= Balambika =

Hindu goddess

Balambika (Deity) (also known as "Bala") is a goddess of the Hindu religion, usually found in South India. Her name means "Goddess Of Knowledge", or "Child Goddess".

Balambika's description appears in her sacred text the Balambika Dasakam. She is also pictured as having four arms and a red circle on each palm. She holds a sacred textbook and a japamala with two of her arms. Balambika is considered a child, and acts as one, but is said to bring true knowledge, education, wisdom, power and prosperity for a better life. She is sometimes called the goddess of children, and therefore, her temple was constructed to be devoted to children.

==Moolamantram==
“Aiym Kleem Sow. Sow, Kleem, Aiym. Aiym, Kleem, Sow."
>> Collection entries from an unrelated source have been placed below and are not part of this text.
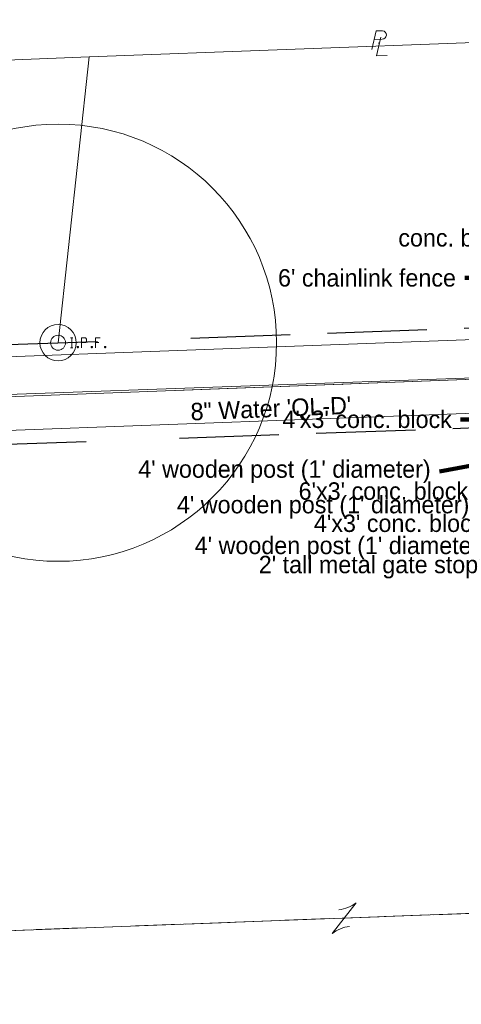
# Model space of a CAD drawing. Header units: feet. Extents: x 2433273 to 2447442, y 555003 to 575201.
# Tile 188 of 226: x 2435544 to 2435722, y 570159 to 570554. Entities that reach past the tile are written whole.
import ezdxf
from ezdxf.enums import TextEntityAlignment as Align

# ---------------------------------------------------------------- set-up
doc = ezdxf.new("R2010")
doc.units = ezdxf.units.FT
doc.header["$LTSCALE"] = 50
doc.header["$MEASUREMENT"] = 0
for name, pattern in [('cl20', [100, 5, -5, 80, -5, 5]), ('cl50', [100, 7.5, -7.5, 70, -7.5, 7.5]), ('corp', [0.4, 0.05, 0.09, 0.08, 0.09, 0.05, -0.04]), ('rowex', [4.85, 0.8, -0.375, -0.375, 0.8, -0.3, 0.8, -0.3, 0.8, -0.3])]:
    doc.linetypes.add(name, pattern=pattern)
for name, color, linetype, lineweight in [('DV_X_Corp_Line', 7, 'corp', 0), ('DV_X_Property_Line', 7, 'Continuous', 0), ('DV_X_Property_Line (Construction)', 7, 'Continuous', 0), ('GE_P_CL_50', 7, 'cl50', 13), ('RW_X_CL_20', 6, 'cl20', 0), ('RW_X_Fee_RW', 6, 'rowex', 30), ('SV_X_Mon_Cells_Found', 7, 'Continuous', 0), ('SV_X_Text', 7, 'Continuous', 0), ('UT_X_Electric_Cells', 1, 'Continuous', 0), ('UT_X_Gas', 2, 'Continuous', 0), ('UT_X_Water', 133, 'Continuous', 0), ('UT_X_Water_Text', 7, 'Continuous', 0)]:
    doc.layers.add(name, color=color, linetype=linetype, lineweight=lineweight)
doc.layers.add('GK_Visualization', color=30, linetype='Continuous', lineweight=13, plot=False)
doc.styles.add('Slanted-Normal LS 0.50', font='font31.shx', dxfattribs={"height": 0.14})
doc.styles.add('Slanted-Normal LS 0.50_0', font='font31.shx')
doc.styles.add('Style-font30', font='font30.shx')
doc.dimstyles.new('Dec-0  Slanted', dxfattribs={"dimscale": 50, "dimtxt": 0.14, "dimasz": 0.14, "dimexe": 0.07, "dimexo": 0.07, "dimgap": 0.07, "dimtad": 1, "dimdec": 0, "dimzin": 3, "dimdsep": 46, "dimtxsty": 'Slanted-Normal LS 0.50_0', "dimcen": 0.09, "dimclrd": 97, "dimclre": 97, "dimclrt": 7, "dimadec": 0, "dimazin": 3, "dimtfac": 1, "dimtdec": 0, "dimtofl": 0, "dimtmove": 1, "dimatfit": 1, "dimfxl": 1, "dimtzin": 3, "dimlwd": 0, "dimlwe": 0, "dimarcsym": 0})

# ---------------------------------------------------------------- blocks, each defined once
blk = doc.blocks.new('PLM_2')
at = {"layer": 'DV_X_Property_Line', "color": 7, "linetype": 'Continuous', "lineweight": 0}
blk.add_line((-0.0401, 0.0312), (0.0247, 0.0312), dxfattribs=at)
at = {"layer": 'DV_X_Property_Line', "color": 7, "linetype": 'Continuous', "lineweight": 0, "flags": 128}
for points in [[(-0.0611, -0.0484), (-0.022, 0.0998), (0.0297, 0.0997)], [(0.0133, 0.048), (-0.0263, -0.0998), (0.0611, -0.0998)]]:
    blk.add_lwpolyline(points, dxfattribs=at)
at = {"layer": 'DV_X_Property_Line', "color": 7, "linetype": 'Continuous', "lineweight": 0, "extrusion": (0, 0, -1)}
blk.add_arc((-0.0245, 0.0657), 0.0345, 98.6719, 269.52902, dxfattribs=at)
at = {"layer": 'DV_X_Property_Line (Construction)', "color": 7, "linetype": 'Continuous', "lineweight": 30}
blk.add_point((0, 0), dxfattribs=at)
blk = doc.blocks.new('X_130')
at = {"layer": 'GK_Visualization', "color": 1, "linetype": 'Continuous', "lineweight": 0}
for p, q in [((-0.07, -0.07), (0.07, 0.07)), ((-0.07, 0.07), (0.07, -0.07))]:
    blk.add_line(p, q, dxfattribs=at)
blk = doc.blocks.new('OHK_10')
at = {"layer": 'DV_X_Property_Line', "color": 2, "linetype": 'Continuous', "lineweight": 0}
blk.add_line((-0.1, -0.12), (0.1, 0.12), dxfattribs=at)
for centre, start, end in [((-0.0581, 0.335), 273.69448, 306.33701), ((0.0581, -0.335), 93.69448, 126.33701)]:
    blk.add_arc(centre, 0.2668, start, end, dxfattribs=at)
at = {"layer": 'DV_X_Property_Line (Construction)', "color": 2, "linetype": 'Continuous', "lineweight": 30}
blk.add_point((0, 0), dxfattribs=at)
blk = doc.blocks.new('IPF_50')
at = {"layer": 'SV_X_Mon_Cells_Found', "color": 7, "linetype": 'Continuous', "lineweight": 0, "flags": 128}
for points in [[(0.1007, 0.04), (0.1184, 0.04)], [(0.1095, -0.04), (0.1095, 0.04)], [(0.1878, -0.04), (0.1878, 0.04), (0.2143, 0.04), (0.217, 0.0394), (0.2209, 0.0381), (0.2225, 0.0368), (0.2242, 0.0356), (0.2264, 0.0324), (0.228, 0.0293), (0.2291, 0.0242), (0.2291, 0.0167), (0.2286, 0.0142), (0.2275, 0.0104), (0.2253, 0.006), (0.2231, 0.0041), (0.2214, 0.0028), (0.2187, 0.0016), (0.2143, 0.0009), (0.1878, 0.0009)], [(0.3383, 0.04), (0.3002, 0.04), (0.3002, -0.04)], [(0.3002, 0.0009), (0.3272, 0.0009)], [(0.1007, -0.04), (0.1184, -0.04)], [(0.1575, -0.0293), (0.1602, -0.0293), (0.1619, -0.0305), (0.1635, -0.0331), (0.1635, -0.0362), (0.1619, -0.0387), (0.1602, -0.04), (0.1575, -0.04), (0.1558, -0.0387), (0.1542, -0.0362), (0.1542, -0.0331), (0.1558, -0.0305), (0.1575, -0.0293)], [(0.2699, -0.0293), (0.2727, -0.0293), (0.2743, -0.0305), (0.276, -0.0331), (0.276, -0.0362), (0.2743, -0.0387), (0.2727, -0.04), (0.2699, -0.04), (0.2683, -0.0387), (0.2666, -0.0362), (0.2666, -0.0331), (0.2683, -0.0305), (0.2699, -0.0293)], [(0.3774, -0.0293), (0.3801, -0.0293), (0.3818, -0.0305), (0.3835, -0.0331), (0.3835, -0.0362), (0.3818, -0.0387), (0.3801, -0.04), (0.3774, -0.04), (0.3757, -0.0387), (0.3741, -0.0362), (0.3741, -0.0331), (0.3757, -0.0305), (0.3774, -0.0293)]]:
    blk.add_lwpolyline(points, dxfattribs=at)
at = {"layer": 'SV_X_Mon_Cells_Found', "color": 7, "linetype": 'Continuous', "lineweight": 0}
blk.add_circle((0, 0), 0.06, dxfattribs=at)

msp = doc.modelspace()

# ---------------------------------------------------------------- linework, layer by layer
at = {"layer": 'DV_X_Corp_Line', "flags": 128}
msp.add_lwpolyline([(2436168.25, 570211.9), (2434749.75, 570158.78, -0.004302), (2434754.32, 570207.86)], format="xyb", dxfattribs=at)
at = {"layer": 'DV_X_Property_Line'}
for p, q in [((2435572.04, 570539.27), (2435972.16, 570554.23)), ((2434787.83, 570509.94), (2435572.04, 570539.27)), ((2435559.55, 570424.49), (2435572.04, 570539.27)), ((2434782.97, 570160.03), (2435789.37, 570197.71))]:
    msp.add_line(p, q, dxfattribs=at)
at = {"layer": 'GE_P_CL_50'}
msp.add_line((2435606.7, 570405.32), (2435768.12, 570411.36), dxfattribs=at)
at = {"layer": 'RW_X_CL_20'}
for p, q in [((2434772.45, 570374.13), (2436047.38, 570421.8)), ((2434772.72, 570376.52), (2436047.44, 570421.81))]:
    msp.add_line(p, q, dxfattribs=at)
at = {"layer": 'RW_X_Fee_RW'}
for p, q in [((2434808.34, 570397.8), (2436036.74, 570441.44)), ((2434803.79, 570357.61), (2436059.2, 570402.21))]:
    msp.add_line(p, q, dxfattribs=at)
at = {"layer": 'UT_X_Electric_Cells'}
for radius in [87.79, 7.31]:
    msp.add_circle((2435559.55, 570424.49), radius, dxfattribs=at)
at = {"layer": 'UT_X_Gas'}
msp.add_line((2434799.46, 570391.15), (2436036.2, 570437.4), dxfattribs=at)
at = {"layer": 'UT_X_Water'}
msp.add_line((2434828.29, 570362.6), (2435774.69, 570398), dxfattribs=at)

# ---------------------------------------------------------------- block references
at = {"layer": 'DV_X_Property_Line', "color": 7, "linetype": 'Continuous', "lineweight": 0, "xscale": 50.00000000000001, "yscale": 50.00000000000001, "zscale": 50.00000000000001, "rotation": 2.025665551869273}
msp.add_blockref('PLM_2', (2435688.62, 570544.78), dxfattribs=at)
at = {"layer": 'DV_X_Property_Line', "color": 2, "linetype": 'Continuous', "lineweight": 30, "xscale": 50.00000000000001, "yscale": 50.00000000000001, "zscale": 50.00000000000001, "rotation": 2.144546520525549}
msp.add_blockref('OHK_10', (2435674.52, 570193.41), dxfattribs=at)
at = {"layer": 'GK_Visualization', "color": 1, "linetype": 'Continuous', "lineweight": 0}
msp.add_blockref('X_130', (2435673.89, 570407.84), dxfattribs=at)
at = {"layer": 'SV_X_Mon_Cells_Found', "color": 7, "linetype": 'Continuous', "lineweight": 0, "xscale": 50, "yscale": 50, "zscale": 50}
msp.add_blockref('IPF_50', (2435559.55, 570424.49), dxfattribs=at)

# ---------------------------------------------------------------- texts
at = {"layer": 'GK_Visualization', "color": 1, "style": 'Style-font30'}
msp.add_text('MJT500', height=0.14, dxfattribs=at).set_placement((2435673.89, 570407.84), align=Align.RIGHT)
at = {"layer": 'SV_X_Text', "char_height": 7, "attachment_point": 6, "line_spacing_factor": 0.606, "style": 'Slanted-Normal LS 0.50'}
for s, insert in [('conc. barrier', (2435748.29, 570466.58)), ("6' chainlink fence", (2435719.43, 570450.49)), ("4'x3' conc. block", (2435717.78, 570393.7)), ("4' wooden post (1' diameter)", (2435709.27, 570372.71)), ("6'x3' conc. block", (2435724.29, 570364.87)), ("4' wooden post (1' diameter)", (2435724.81, 570358.42)), ("4'x3' conc. block", (2435730.44, 570351.94)), ("4' wooden post (1' diameter)", (2435731.97, 570342.05)), ("2' tall metal gate stop", (2435728.35, 570334.36))]:
    msp.add_mtext(s, dxfattribs=dict(at, insert=insert))
at = {"layer": 'UT_X_Water_Text', "style": 'Slanted-Normal LS 0.50'}
msp.add_text('8" Water \'QL-D\'', height=7, rotation=2.3903, dxfattribs=at).set_placement((2435645.22, 570394.62), align=Align.CENTER)

# ---------------------------------------------------------------- leaders
at = {"layer": 'SV_X_Text', "color": 97, "linetype": 'Continuous', "lineweight": 0, "annotation_type": 0, "has_hookline": 1, "hookline_direction": 1}
for points, text_width in [([(2435776.11, 570456.07), (2435758.79, 570466.58), (2435751.79, 570466.58)], 72.33), ([(2435741.53, 570441.08), (2435729.93, 570450.49), (2435722.93, 570450.49)], 97.22), ([(2435738.45, 570380.95), (2435728.28, 570393.7), (2435721.28, 570393.7)], 93.83), ([(2435747.86, 570379.31), (2435712.77, 570372.71)], 154.44), ([(2435752.04, 570376.58), (2435734.79, 570364.87), (2435727.79, 570364.87)], 93.89), ([(2435758.12, 570374.03), (2435735.31, 570358.42), (2435728.31, 570358.42)], 154.44), ([(2435760.67, 570364.06), (2435740.94, 570351.94), (2435733.94, 570351.94)], 93.83), ([(2435763.69, 570360.04), (2435742.47, 570342.05), (2435735.47, 570342.05)], 154.44), ([(2435766.03, 570353.42), (2435738.85, 570334.36), (2435731.85, 570334.36)], 130.94)]:
    msp.add_leader(points, dimstyle='Dec-0  Slanted', override={"dimtad": 0, "dimclrd": 0, "dimlwd": 65534}, dxfattribs=dict(at, text_width=text_width))

doc.saveas('drawing.dxf')

"Aiym" stands for learning.

"Kleem" stands for magnetic attraction.

"Sow" stands for prosperity.

This simple three word moolamantram is considered to be the solution to all modern worldly problems. When you chant this moolamantram, Balambika is said to instantly be around you. When you recite her name, "Bala," she will be listening to what you say at all times.

==Temple==
Balambika has a temple in Kamarasavalli in Ariyalur district of Tamil Nadu. It is around 1000–2000 years old. There are sculptures on the walls that show the story of Karkodga performing Shiva Puja (Worship of God Shiva) with Lord Vinayaka and Nandi. It is said that people of the Cancer zodiac sign should pray here for relief.

Festivals celebrated:

| Festival | Time |
|---|---|
| Pradoshams | Monthly |
| Tamil New Years Day | April 14 |
| Aadi Pooram | July–August |
| Vinayaka Chaturthi | August–September |
| Navarathri | September–October |
| Aipasi Annabishekam | October–November |
| Margazhi Tiruvadhirai | December–January |

==Sacred text==
Her sacred text that describes her is called the Balambika Dasakam. This text uses the phrase "Who is" or "Whose is" to describe Balambika or what she has. Every line also begins with "Please shower a merciful glance at me, Oh Balambika." Originally written in Sanskrit, it was translated below by P.R.Ramachander:

1.Velathi langya karune vibhudhendra vandhye,
Leela vinirmitha charachara hrun nivase,
Mala kirreeta mani kundala madithange,
Balambike mai nidehi Krupakadaksham.

Please shower a merciful glance at me, Oh Balambika,
Who is blessed with limitless mercy and saluted by the Lord of heaven,
Who lives in the heart of moving and non moving things, who weremade by her as a sport,
And who is decorated by garlands, crown and gem studded ear globes.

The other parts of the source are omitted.